TASK DIRECTIONS
Everything in the listing should be transcribed exactly, apart from the pictures.

DATASET SECTION
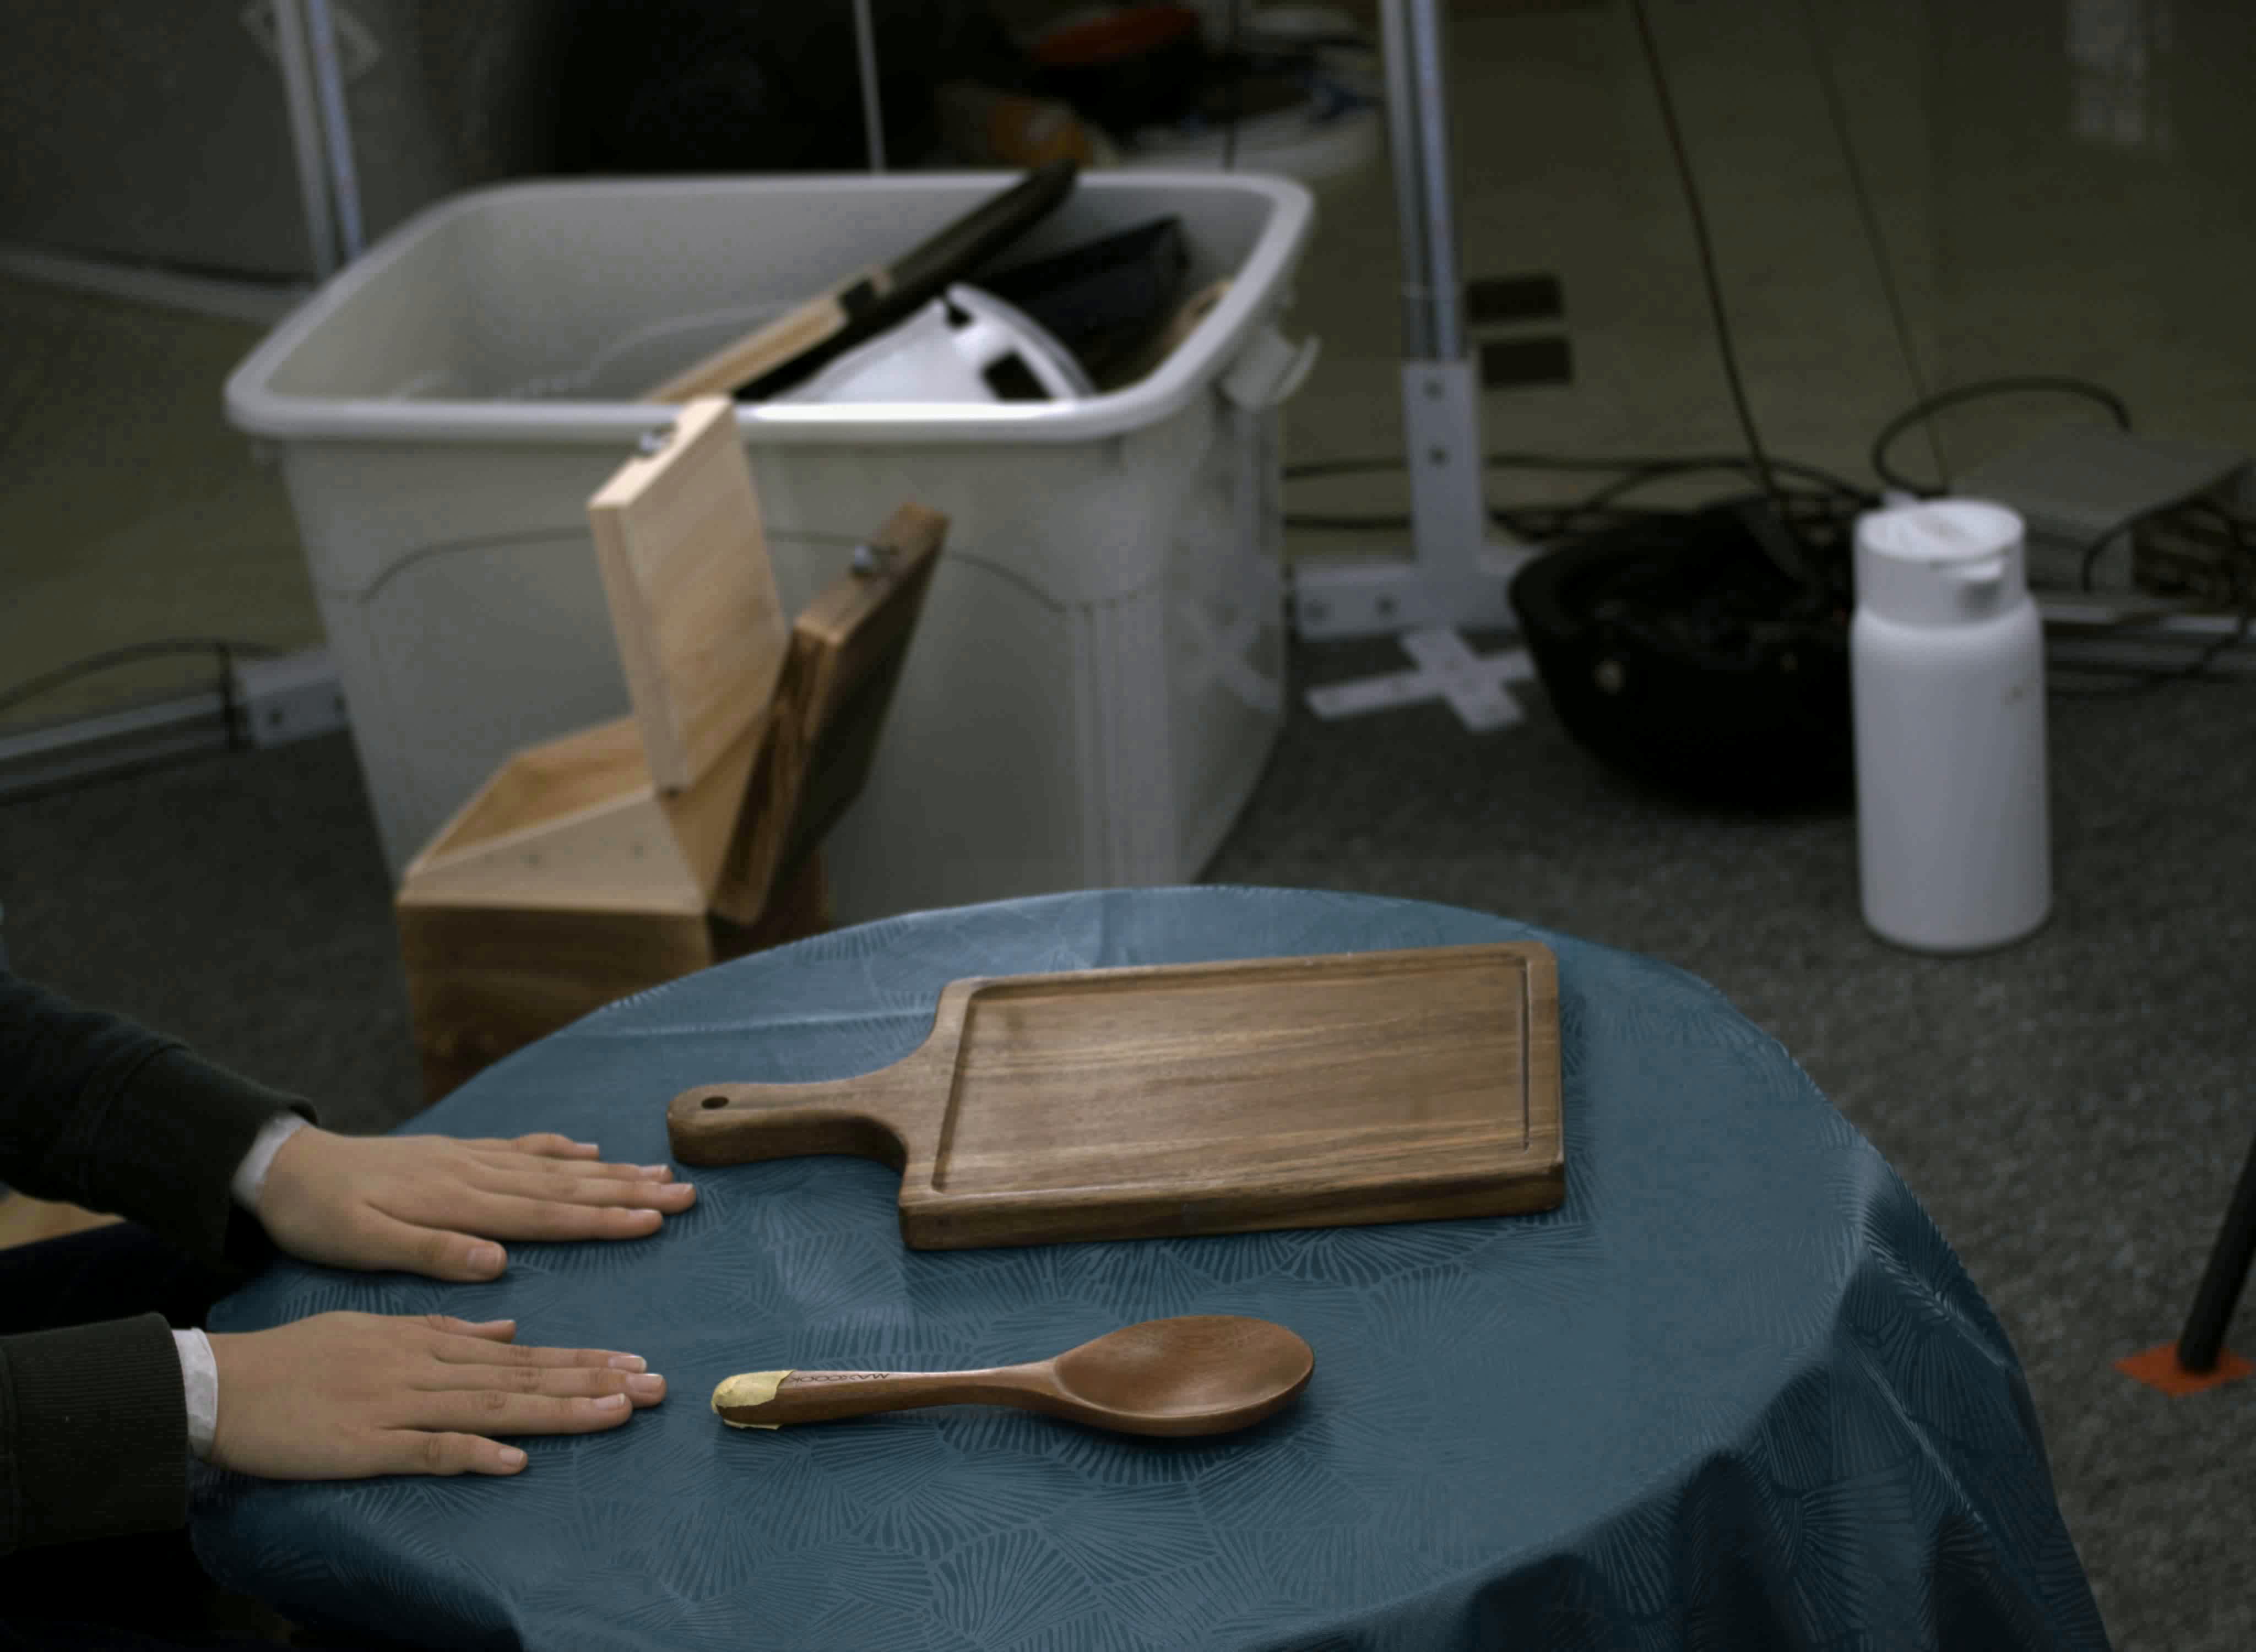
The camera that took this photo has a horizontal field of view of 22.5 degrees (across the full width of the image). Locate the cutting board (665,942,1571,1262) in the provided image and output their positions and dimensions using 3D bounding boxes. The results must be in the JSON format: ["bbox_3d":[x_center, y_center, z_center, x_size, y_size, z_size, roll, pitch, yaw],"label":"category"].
[{"bbox_3d":[-0.005,0.108,2.201,0.351,0.023,0.198,-4,26,6],"label":"cutting board"}]

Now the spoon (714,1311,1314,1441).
[{"bbox_3d":[-0.041,0.199,2.013,0.215,0.017,0.074,-2,27,8],"label":"spoon"}]

OUTPUT BELOW
The camera that took this photo has a horizontal field of view of 22.5 degrees (across the full width of the image). Locate the cutting board (665,942,1571,1262) in the provided image and output their positions and dimensions using 3D bounding boxes. The results must be in the JSON format: ["bbox_3d":[x_center, y_center, z_center, x_size, y_size, z_size, roll, pitch, yaw],"label":"category"].
[{"bbox_3d":[-0.005,0.108,2.201,0.351,0.023,0.198,-4,26,6],"label":"cutting board"}]

Now the spoon (714,1311,1314,1441).
[{"bbox_3d":[-0.041,0.199,2.013,0.215,0.017,0.074,-2,27,8],"label":"spoon"}]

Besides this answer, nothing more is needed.